How-to Guide
January 4, 2019 ยท View on GitHub
How to monitor metrics for things defined in JSON responses and not known in advance?
In some cases metrics will be exposed via URLs that are not static and need to be dynamically built. For example, a runtime attribute like jobId or workerName or bucket may need to be specified in a URL in order to fetch metrics for a given job, worker, or bucket. The agent can build such URLs by using the derived metric functionality.
Consider the following example:
type: json
data:
url: /api/v1/applications
server: ${SPARK_API_HOST}:${SPARK_API_PORT}
observation:
- name: apps
metricNamespace: spark
path: $.[?(@.id=${appId} && @.name=${appName})]
metric:
- name: applications.uncompleted
source: json:/api/v1/applications/${appId} $.?(@.id=appId).attempts.[:1].completed
type: long_gauge
label: uncompleted apps
tag:
- name: spark.app
value: ${appName}
- name: spark.app.id
value: ${appId}
In this case there is a known, static stats URL /api/v1/applications. The response for this URL provides general info about (Spark) applications. For each distinct entry found by the path expression provided here a separate (per-application) observation will be created internally by the agent.

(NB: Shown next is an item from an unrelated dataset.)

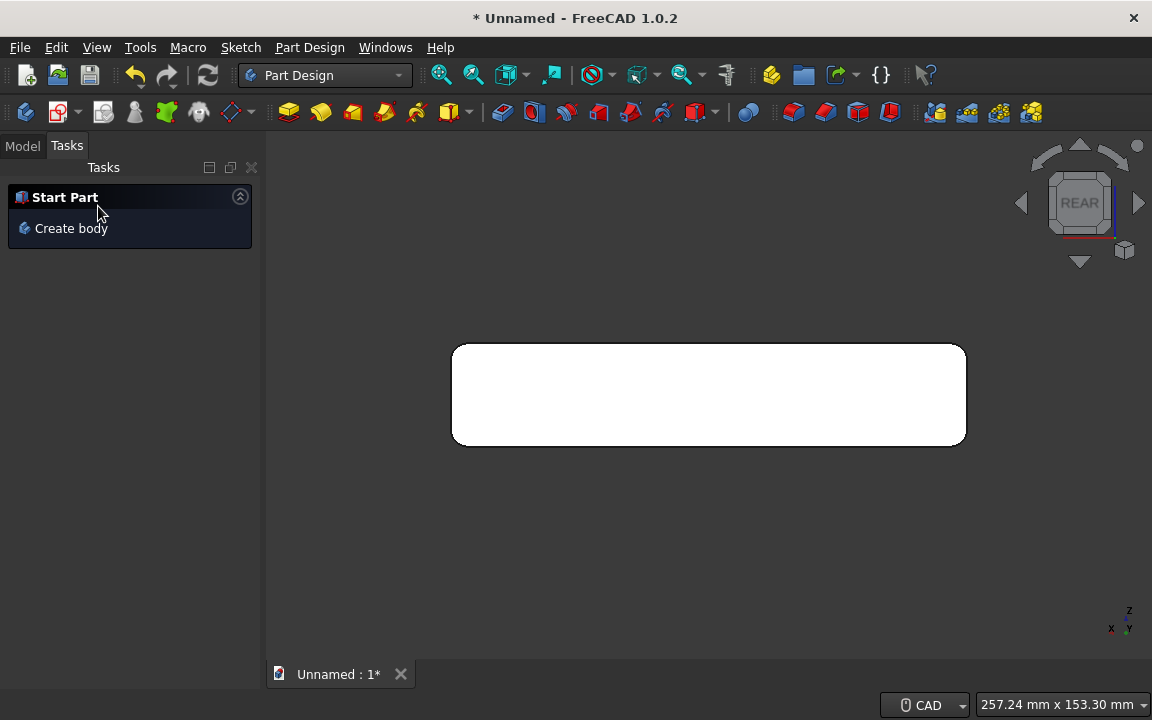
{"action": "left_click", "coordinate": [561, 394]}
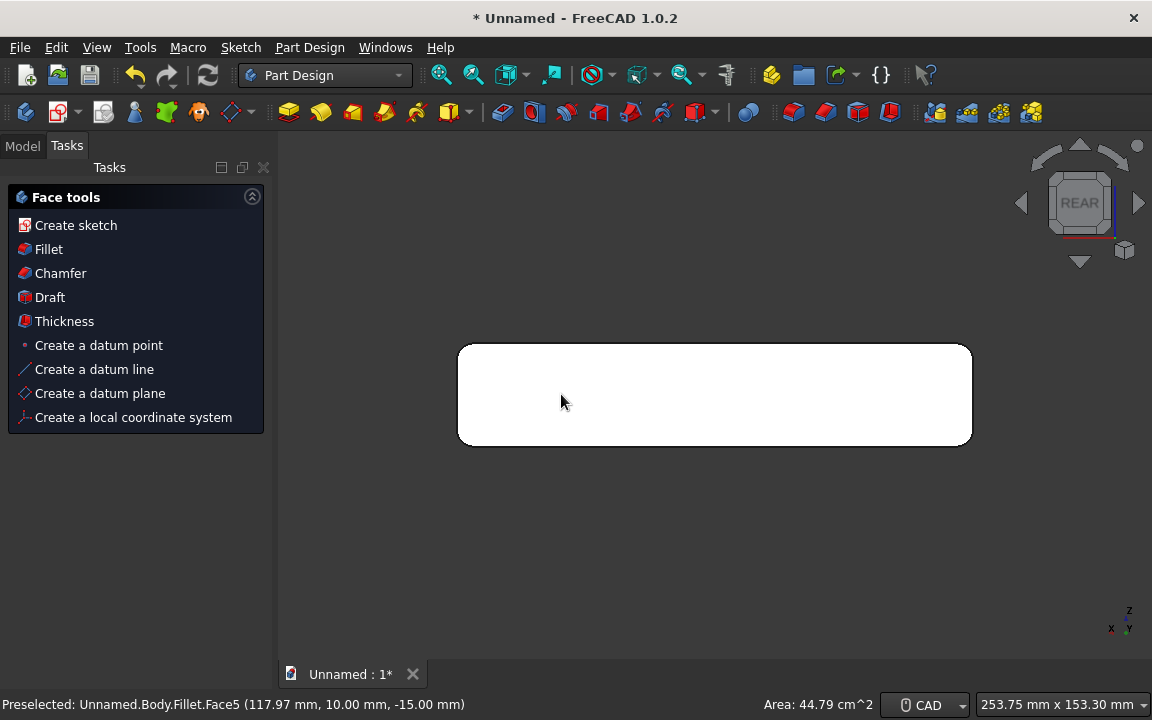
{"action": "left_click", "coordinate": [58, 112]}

However, to get the info for each application the agent has to call /api/v1/applications/${appId} for each "appId", which cannot be known in advance. Even if they were known ahead of time, it would not make sense to create a configuration for each application. To handle this we can define a derived metric with the following definition:
source: json:/api/v1/applications/${appId} $.?(@.id=appId).attempts.[:1].completed
Each application observation will monitor one metric (applications.uncompleted) by calling the
/api/v1/applications/${appId} URL and applying the $.?(@.id=appId).attempts.[:1].completed expression on it to extract the metric value.
Note that when the number of dynamic elements (such as applications in this example) is high, a config like this would cause a high number of additional requests to be sent to the monitored service so one has to be careful when using it.